The normal range of RBCs in the CSF is 0–5 RBCs/mm³. Elevated RBC can be seen in subarachnoid hemorrhage (see Ch. 19) or if a lumbar puncture is traumatic, causing bleeding into the CSF (see “Traumatic Lumbar Puncture” below). If blood is present from subarachnoid hemorrhage, it will have been present in the CSF for some time and RBCs will have begun to break down. In contrast, a traumatic lumbar puncture will yield fresh RBCs that have not yet had the time to break down. Xanthochromia, a yellow tinge to the CSF (more sensitively detected by spectrophotometry) is an indication of broken-down red blood cells in the CSF, suggesting that they were there prior to the lumbar puncture (i.e., suggestive of subarachnoid hemorrhage rather than traumatic lumbar puncture).

CSF Microbiology: Cultures, PCR, and Antibodies

Examination of CSF for a pathogen causing CNS infection can include Gram stain, culture, PCR, and evaluation for CSF production of IgM or IgG against a particular pathogen (see Ch. 20).

Patterns of CSF Abnormalities

Several patterns of CSF abnormalities are important to recognize.

Elevated Protein With No or Few Cells (Albuminocytologic Dissociation)

Albuminocytologic dissociation is suggestive of an inflammatory process.
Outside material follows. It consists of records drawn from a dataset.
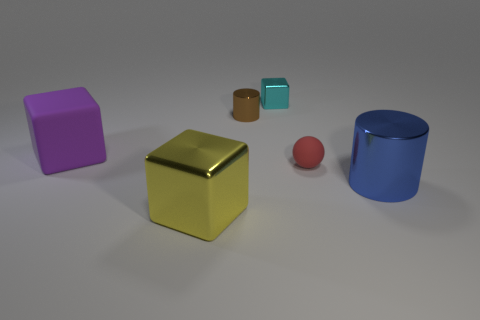Is there any other thing that is the same shape as the small rubber object?
Offer a terse response. No. What number of objects are either tiny cyan metal objects or tiny red shiny blocks?
Provide a succinct answer. 1. There is a thing to the right of the tiny object that is to the right of the tiny cyan block; what shape is it?
Your answer should be very brief. Cylinder. How many other objects are there of the same material as the purple cube?
Give a very brief answer. 1. Do the tiny brown object and the tiny thing in front of the purple matte object have the same material?
Give a very brief answer. No. How many things are either objects that are right of the yellow cube or shiny cylinders that are on the right side of the tiny red thing?
Provide a succinct answer. 4. How many other things are the same color as the tiny rubber thing?
Ensure brevity in your answer.  0. Are there more tiny rubber things right of the large blue object than small red spheres to the right of the tiny rubber sphere?
Provide a succinct answer. No. What number of cylinders are either purple matte things or big brown metal things?
Ensure brevity in your answer.  0. How many objects are either big objects that are on the right side of the yellow cube or yellow shiny things?
Your response must be concise. 2.

While this pattern is generally learned by most medical students as the classic finding in Guillain-Barré syndrome, it is a nonspecific indicator of inflammation and can be seen in chronic inflammatory demyelinating polyradiculoneuropathy (CIDP; Ch. 27), CNS paraneoplastic conditions (Ch. 24), acute disseminated encephalomyelitis (Ch. 21), transverse myelitis (Ch. 21), and primary CNS vasculitis (Ch. 19). (Why does the CSF demonstrate an inflammatory pattern in peripheral nervous system disorders such as Guillain-Barré syndrome and CIDP? These disorders involve the nerve roots which pass through the CSF space.)

Elevated WBCs and Protein With Normal Glucose

This is suggestive of a viral process.

Elevated WBCs and Protein With Low Glucose

This pattern generally indicates a nonviral CNS infection (bacterial, fungal, or tubercular). The most extreme values for low glucose, elevated WBCs, and elevated protein are seen with CNS bacterial infections.

In CNS bacterial infections, the WBCs are predominantly neutrophils, whereas they are predominantly lymphocytes in other types of CNS infections (see Table 20–2 in Ch. 20).

Traumatic Lumbar Puncture

Elevations of protein and WBCs can occur in a traumatic lumbar puncture since there is contamination of the CSF with peripheral blood. Protein elevation and WBC elevation are both approximately 1 per 1000 RBCs (1 mg/dL of protein per 1000 RBCs/mm³, and 1 WBC/mm³ per 700–1000 RBCs/mm³).

Additional Tests of CSF

Oligoclonal bands are a nonspecific marker of CNS inflammation, denoting intrathecal synthesis of IgG. Although they are most commonly assessed in the evaluation for multiple sclerosis (see Ch. 21), they can be seen in any CNS infectious or inflammatory condition.

CSF evaluation for antibodies causing CNS paraneoplastic syndromes (e.g., paraneoplastic limbic encephalitis, paraneoplastic cerebellar degeneration; see Ch. 24) is often more sensitive than serum evaluation.

14-3-3 protein is a nonspecific marker of neuronal degeneration. Although it can be present in Creuzfeldt-Jakob disease, the test is neither sensitive nor specific for the condition (see Ch. 22).

The ratio of amyloid-beta 42 (Aβ-42) to tau is a biomarker for Alzheimer’s disease, discussed further in Chapter 22.